Enrique Martinez Ballesteros, de son nom complet, est un pur « retailer » : école de commerce de Madrid, boulot d’été chez Toys’R’Us, puis embauché dans une grande surface de jouets de Grenade comme responsable de département avant d’être nommé directeur de magasin au Portugal. C’est sur les rives du Douro qu’il est chassé pour le lancement de la FNAC au pays de la révolution des OEillets. Premier point de vente à Lisbonne en 1998 dans le centre commercial Colombo (un succès qui dépasse trois fois les prévisions de ventes), suivi rapidement de six autres.

En 2004, Denis Olivennes, alors PDG de l’enseigne culturelle, le nomme directeur général de la filiale, puis de la région Espagne-Portugal. En 2010, il passe au Brésil. Alexandre Bompard, arrivé en 2011, lui confie ensuite la France, la Belgique et la Suisse. « La fusion avec Darty, j’étais pour. Nous étions trop petits pour négocier avec les géants de la tech », se souvient-il. Cela tombe bien : il sera chargé en 2016 de l’intégration de la maison au contrat de confiance dans l’univers du premier libraire de France.

« Sobriété heureuse »
Au départ de son PDG vers Carrefour, la transition se fait naturellement. Seul accroc à sa nouvelle tunique de chef : le conseil du groupe, désormais coté en Bourse, sépare la présidence de la direction générale. En France, le statut de PDG reste un privilège dont seule l’aristocratie des grandes écoles peut se prévaloir. Alexandre Bompard est énarque. Jacques Veyrat, X 1983, lui succède au poste de président de FNAC Darty, dans un rôle toutefois non exécutif.
C’est donc fort de son expérience de vendeur que l’homme aux trois pays – l’Espagne où il est né, le Portugal où il a épousé sa première femme qui lui a donné deux fils et la France où il prospère aux côtés de sa seconde épouse et de ses deux petits derniers – interroge le consumérisme à l’aune du changement climatique. « Ecrire un livre sur la consommation durable. La démarche peut sembler surprenante de la part d’un commerçant censé vendre le plus d’articles possible au plus grand nombre », reconnaît-il à la première page de son manifeste en faveur « d’un nouveau modèle écologique et vertueux ».
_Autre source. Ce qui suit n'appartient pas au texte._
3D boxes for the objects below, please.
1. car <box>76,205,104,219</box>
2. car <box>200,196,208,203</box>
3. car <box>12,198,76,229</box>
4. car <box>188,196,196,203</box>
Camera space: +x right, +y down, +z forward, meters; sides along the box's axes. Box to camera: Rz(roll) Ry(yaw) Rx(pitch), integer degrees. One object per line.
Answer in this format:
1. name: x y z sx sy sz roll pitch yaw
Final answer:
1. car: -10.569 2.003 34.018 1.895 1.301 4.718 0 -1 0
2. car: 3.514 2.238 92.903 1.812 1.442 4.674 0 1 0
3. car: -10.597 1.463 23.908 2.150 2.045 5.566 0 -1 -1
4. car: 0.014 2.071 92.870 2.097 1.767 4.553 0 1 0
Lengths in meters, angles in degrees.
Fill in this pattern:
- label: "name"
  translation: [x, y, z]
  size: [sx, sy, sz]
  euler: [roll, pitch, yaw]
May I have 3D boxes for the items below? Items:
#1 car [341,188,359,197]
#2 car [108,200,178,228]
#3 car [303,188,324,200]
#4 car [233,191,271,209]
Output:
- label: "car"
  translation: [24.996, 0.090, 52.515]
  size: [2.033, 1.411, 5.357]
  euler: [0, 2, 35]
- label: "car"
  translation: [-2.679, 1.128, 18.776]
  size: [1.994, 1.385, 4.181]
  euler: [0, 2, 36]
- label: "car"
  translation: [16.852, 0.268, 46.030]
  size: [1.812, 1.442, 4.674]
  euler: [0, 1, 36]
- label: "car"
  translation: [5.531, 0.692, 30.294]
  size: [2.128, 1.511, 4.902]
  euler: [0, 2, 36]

La dédramatisation de l’acte d’achat a perverti nos habitudes.
Enrique Martinez Directeur général de FNAC Darty

Sensibilisé par Al Gore, convoquant tous les prophètes de l’écologie, de l’Ademe au sociologue Gilles Lipovetsky en passant par Pierre Rabhi, il dénonce « la stimulation perpétuelle des besoins de la consommation de masse issue des années 1970 » et lui préfère « la sobriété heureuse ».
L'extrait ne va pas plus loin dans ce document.